# What can't you get in Dubai that you really want



## Tazman292 (Feb 3, 2012)

I am moving to Dubai in a few months and just wondering what you can't buy there and I could bring in my container from the United States, for personal consumption or even to sell?


----------



## rsinner (Feb 3, 2009)

Dubai Expat Forum for Expats Living in Dubai - Expat Forum For People Moving Overseas And Living Abroad

that is the dubai forum. Once there, do a search in the google box at the top right hand corner


----------



## Mr.DubaiGov (May 26, 2012)

There ate always many thing in each country ul not did it in others, but in Dubai ul find most of the thing u c around the world.. From each country ul find something and usually special..
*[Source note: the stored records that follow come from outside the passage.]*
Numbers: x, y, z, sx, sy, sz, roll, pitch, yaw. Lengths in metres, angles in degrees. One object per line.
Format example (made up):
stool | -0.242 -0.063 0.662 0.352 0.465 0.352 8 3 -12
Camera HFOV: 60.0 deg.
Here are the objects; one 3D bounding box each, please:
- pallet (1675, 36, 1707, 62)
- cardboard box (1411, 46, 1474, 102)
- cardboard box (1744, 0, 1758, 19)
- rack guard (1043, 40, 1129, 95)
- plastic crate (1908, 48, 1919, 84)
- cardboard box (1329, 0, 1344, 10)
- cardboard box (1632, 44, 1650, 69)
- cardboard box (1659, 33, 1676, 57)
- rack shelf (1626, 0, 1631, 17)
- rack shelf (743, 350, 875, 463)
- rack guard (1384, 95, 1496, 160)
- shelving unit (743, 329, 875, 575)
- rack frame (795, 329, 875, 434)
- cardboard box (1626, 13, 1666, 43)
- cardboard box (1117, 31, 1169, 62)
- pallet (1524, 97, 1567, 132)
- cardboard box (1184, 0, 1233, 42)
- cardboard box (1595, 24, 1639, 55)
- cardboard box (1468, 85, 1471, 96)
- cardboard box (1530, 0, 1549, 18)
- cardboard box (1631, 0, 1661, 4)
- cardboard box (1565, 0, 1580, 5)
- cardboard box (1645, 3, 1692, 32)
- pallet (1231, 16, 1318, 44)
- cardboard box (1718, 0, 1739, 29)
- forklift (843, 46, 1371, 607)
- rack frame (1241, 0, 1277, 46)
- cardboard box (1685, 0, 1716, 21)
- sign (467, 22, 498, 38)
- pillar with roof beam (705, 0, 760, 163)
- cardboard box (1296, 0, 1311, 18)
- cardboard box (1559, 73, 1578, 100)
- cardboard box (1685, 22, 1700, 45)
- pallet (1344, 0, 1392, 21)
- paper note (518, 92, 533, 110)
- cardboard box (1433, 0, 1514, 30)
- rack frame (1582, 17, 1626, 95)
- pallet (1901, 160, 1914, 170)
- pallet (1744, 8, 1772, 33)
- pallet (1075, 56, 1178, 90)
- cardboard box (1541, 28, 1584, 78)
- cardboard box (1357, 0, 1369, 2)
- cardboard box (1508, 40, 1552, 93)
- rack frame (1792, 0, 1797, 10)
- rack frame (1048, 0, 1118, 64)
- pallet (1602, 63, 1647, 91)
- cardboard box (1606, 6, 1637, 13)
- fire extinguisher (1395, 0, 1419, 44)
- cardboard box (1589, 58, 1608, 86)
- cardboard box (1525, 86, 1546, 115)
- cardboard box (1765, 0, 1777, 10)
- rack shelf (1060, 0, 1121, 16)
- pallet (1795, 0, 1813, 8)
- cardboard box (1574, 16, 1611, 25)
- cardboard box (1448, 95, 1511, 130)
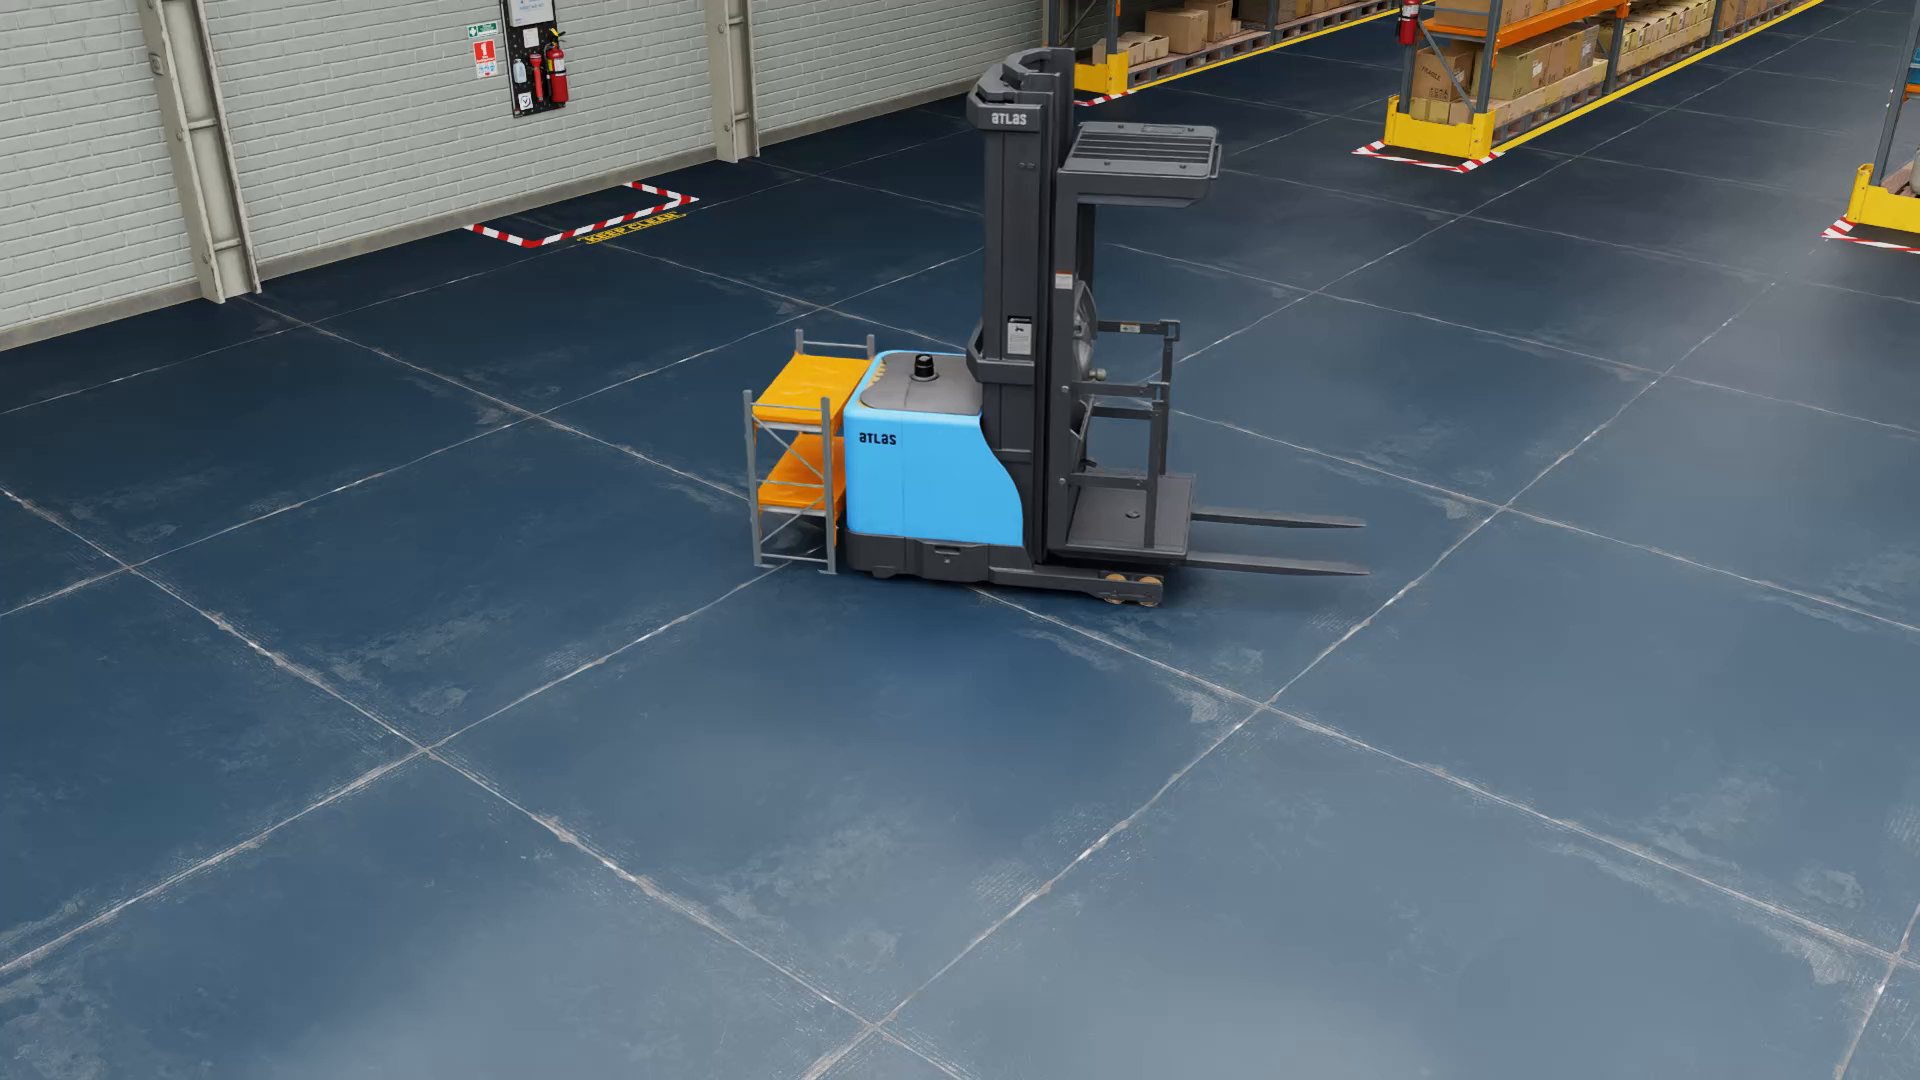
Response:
pallet | 9.929 -7.079 23.704 1.003 0.211 1.213 21 34 34
cardboard box | 5.506 -5.337 19.022 0.500 0.500 0.500 21 34 34
cardboard box | 11.645 -8.125 24.933 0.500 0.500 0.500 20 34 34
rack guard | 1.618 -6.125 21.545 1.175 0.500 0.348 21 34 34
plastic crate | 9.302 -4.512 15.868 0.499 0.251 0.616 21 34 34
cardboard box | 5.529 -8.526 25.708 0.700 0.500 0.500 21 34 34
cardboard box | 8.713 -6.397 21.886 0.500 0.250 0.500 22 34 36
cardboard box | 9.364 -6.761 22.590 0.500 0.250 0.500 22 34 35
rack shelf | 9.211 -7.569 22.400 1.077 0.370 4.000 21 34 34
rack shelf | -0.878 -0.813 9.960 0.538 0.278 1.000 6 28 11
rack guard | 5.379 -4.643 18.681 1.175 0.500 0.348 21 34 34
shelving unit | -0.878 -0.553 10.095 0.538 1.125 1.048 6 28 11
rack frame | -0.774 -0.782 10.537 0.500 1.125 0.032 6 28 11
cardboard box | 9.045 -6.828 22.109 0.500 0.311 0.500 19 33 33
cardboard box | 2.442 -6.630 22.250 0.500 0.311 0.500 24 36 38
pallet | 6.625 -5.237 20.144 1.003 0.211 1.213 21 34 34
cardboard box | 3.485 -7.332 23.400 0.500 0.500 0.500 18 32 31
cardboard box | 8.394 -6.468 21.413 0.500 0.311 0.500 21 34 35
cardboard box | 5.816 -5.184 19.542 0.500 0.250 0.500 21 34 34
cardboard box | 6.352 -6.330 19.112 0.700 0.500 0.500 21 34 35
cardboard box | 9.596 -7.524 23.454 0.500 0.311 0.500 20 33 33
cardboard box | 7.009 -6.700 19.827 0.700 0.500 0.500 21 34 35
cardboard box | 9.691 -7.190 22.810 0.500 0.311 0.500 20 34 34
pallet | 4.608 -7.664 24.836 1.003 0.211 1.213 21 34 34
cardboard box | 10.993 -7.761 24.230 0.500 0.500 0.500 22 35 36
forklift | 0.891 -1.186 9.353 3.031 2.935 1.130 5 28 9
rack frame | 4.114 -8.626 23.660 1.000 3.000 0.127 21 34 34
cardboard box | 10.340 -7.555 23.514 0.500 0.311 0.500 22 34 36
sign | -4.492 -4.801 15.651 0.001 0.109 0.331 21 34 34
pillar with roof beam | 0.853 -6.988 13.965 9.100 9.000 0.400 21 34 34
cardboard box | 4.859 -8.175 25.030 0.700 0.500 0.500 20 33 33
cardboard box | 7.180 -5.561 20.270 0.500 0.250 0.500 21 34 34
cardboard box | 10.011 -7.122 23.288 0.500 0.250 0.500 20 34 34
pallet | 6.160 -8.529 26.508 1.003 0.211 1.213 21 34 34
paper note | -4.236 -4.283 16.223 0.016 0.148 0.142 21 34 34
cardboard box | 5.701 -5.968 18.413 0.700 0.500 0.500 21 34 34
rack frame | 7.939 -7.180 20.864 1.000 3.000 0.127 21 34 34
pallet | 10.523 -3.832 17.428 1.003 0.211 1.213 21 34 34
pallet | 11.763 -8.044 25.569 1.003 0.211 1.213 21 34 34
pallet | 2.162 -6.274 22.149 1.003 0.211 1.213 21 34 34
cardboard box | 7.170 -5.898 20.105 0.500 0.500 0.500 21 34 34
cardboard box | 6.240 -8.859 26.352 0.700 0.500 0.500 21 34 35
cardboard box | 6.532 -5.544 19.422 0.500 0.500 0.500 21 34 34
rack frame | 13.027 -10.016 26.347 1.000 3.000 0.127 21 34 34
rack frame | 1.570 -7.208 20.919 1.000 3.000 0.127 21 34 34
pallet | 8.377 -6.214 22.032 1.003 0.211 1.213 21 34 34
cardboard box | 8.943 -7.161 22.754 0.500 0.311 0.500 20 34 34
fire extinguisher | 4.961 -5.821 18.322 0.296 0.674 0.183 21 34 34
cardboard box | 7.812 -5.917 20.958 0.500 0.250 0.500 21 34 34
cardboard box | 6.541 -5.208 19.587 0.500 0.250 0.500 21 34 34
cardboard box | 12.294 -8.492 25.643 0.500 0.500 0.500 21 34 35
rack shelf | 2.842 -7.598 22.455 1.077 0.370 4.000 21 34 34
pallet | 13.465 -9.021 27.458 1.003 0.211 1.213 21 34 34
cardboard box | 8.301 -6.808 22.071 0.500 0.311 0.500 22 34 36
cardboard box | 5.907 -4.852 18.900 0.500 0.250 0.500 21 34 34

I personally believe that, coz in Dubai we have more than 128 nationality if not 200 we have in UAE, and we have about 40 millionaire in UAE and most of them are looking for the good business opportunity to get in to the region 
So I believe it's better you come with ur bags and no need for container


----------



## Mr.DubaiGov (May 26, 2012)

There are always many thing in each country ul not find it in others, but in Dubai ul find most of the thing u c around the world.. From each country ul find something and usually the special.. I personally believe that, coz in UAE we have more than 128 nationality if not 200 we have in UAE, and we have about 40 millionaire in UAE and most of them are looking for the good business opportunity to get in to the region So I believe it's better you come with ur bags and no need for container 

After correction


----------



## SherifSleem (Dec 26, 2012)

There are big business opportunities in UAE from USA , 
small example : a lot of UAE people buy form amazon and can't ship directly to UAE because amazon ship to USA only , so they use services like MyUs and WorldShip and some people in ebay offer virtual address and collecting services , the size of this business exceed 200k $/Day.


----------